» **What the task requires**
Return the listing below exactly, with the pictures dropped.

» **Information shown**
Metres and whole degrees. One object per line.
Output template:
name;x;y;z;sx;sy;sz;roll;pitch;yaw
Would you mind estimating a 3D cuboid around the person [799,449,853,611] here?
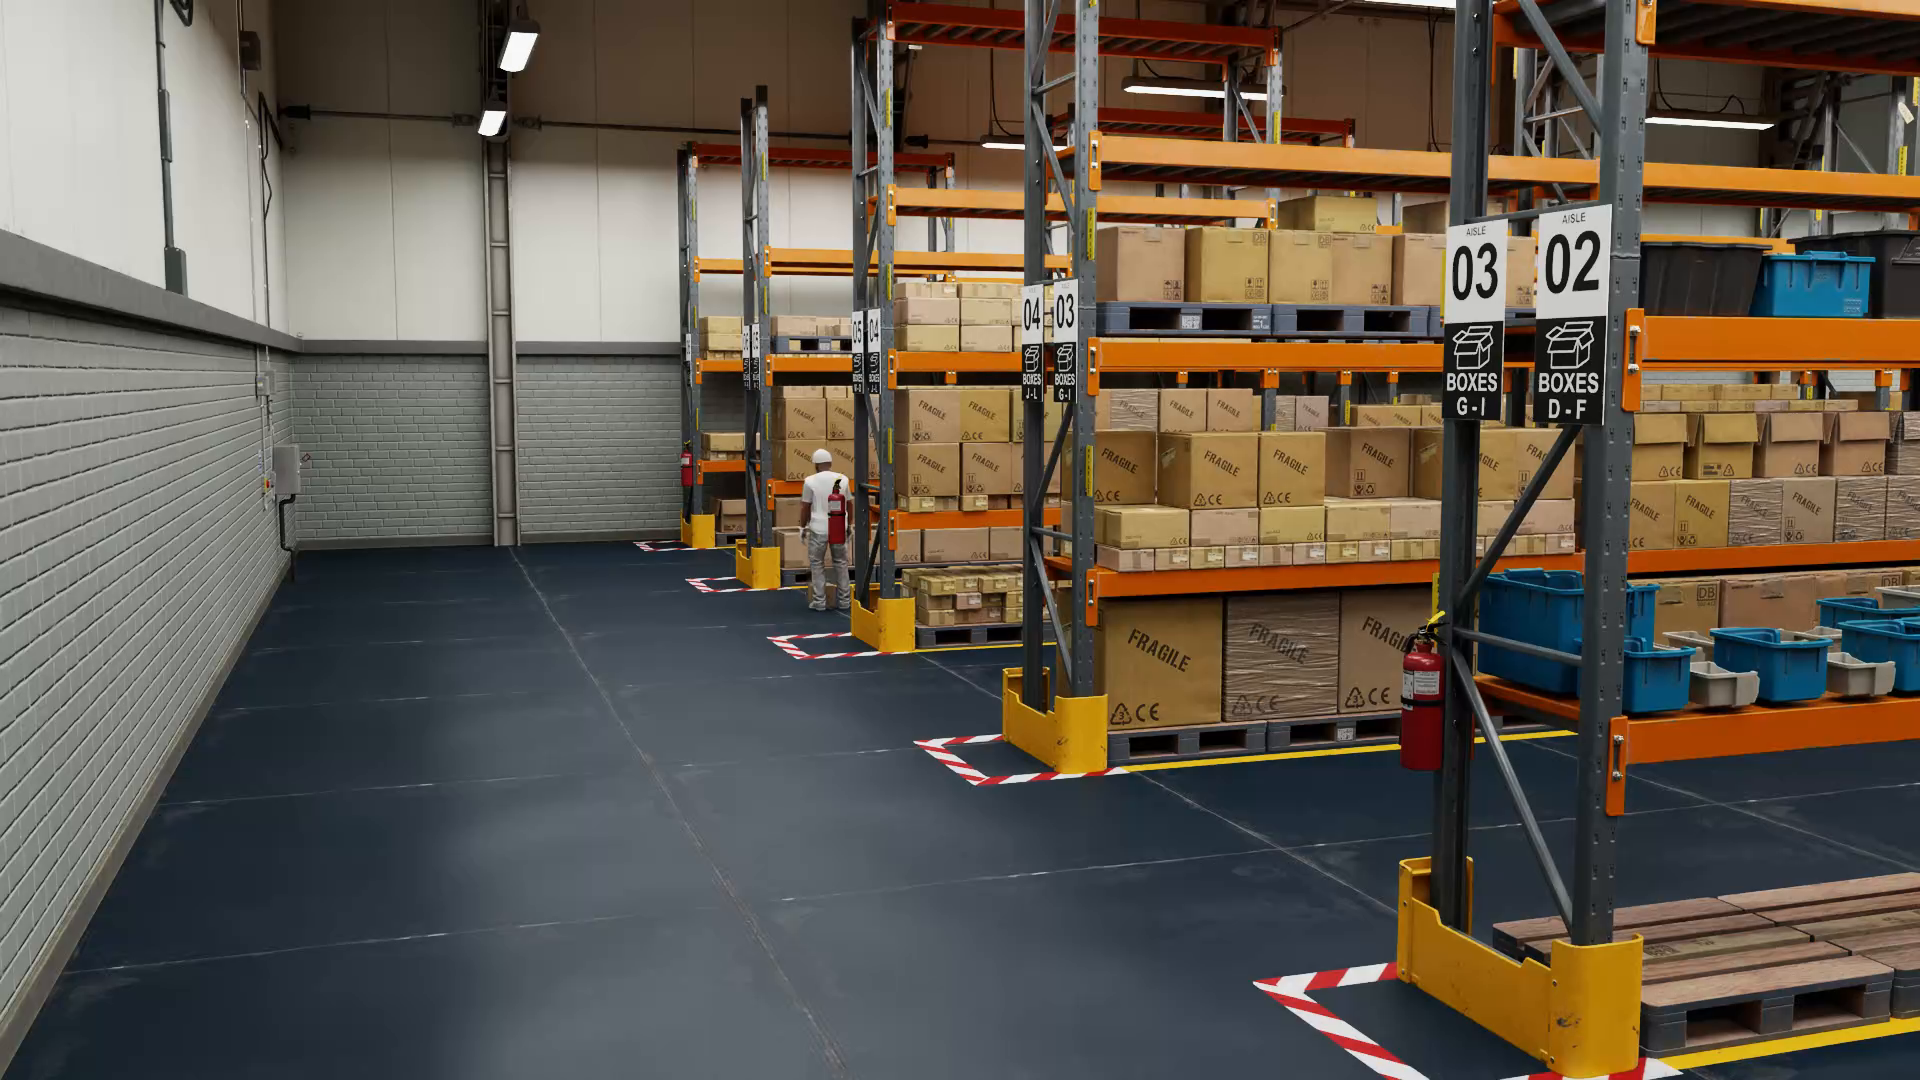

» **Solution**
Metres and whole degrees. One object per line.
Output template:
name;x;y;z;sx;sy;sz;roll;pitch;yaw
Would you mind estimating a 3D cuboid around the person [799,449,853,611] here?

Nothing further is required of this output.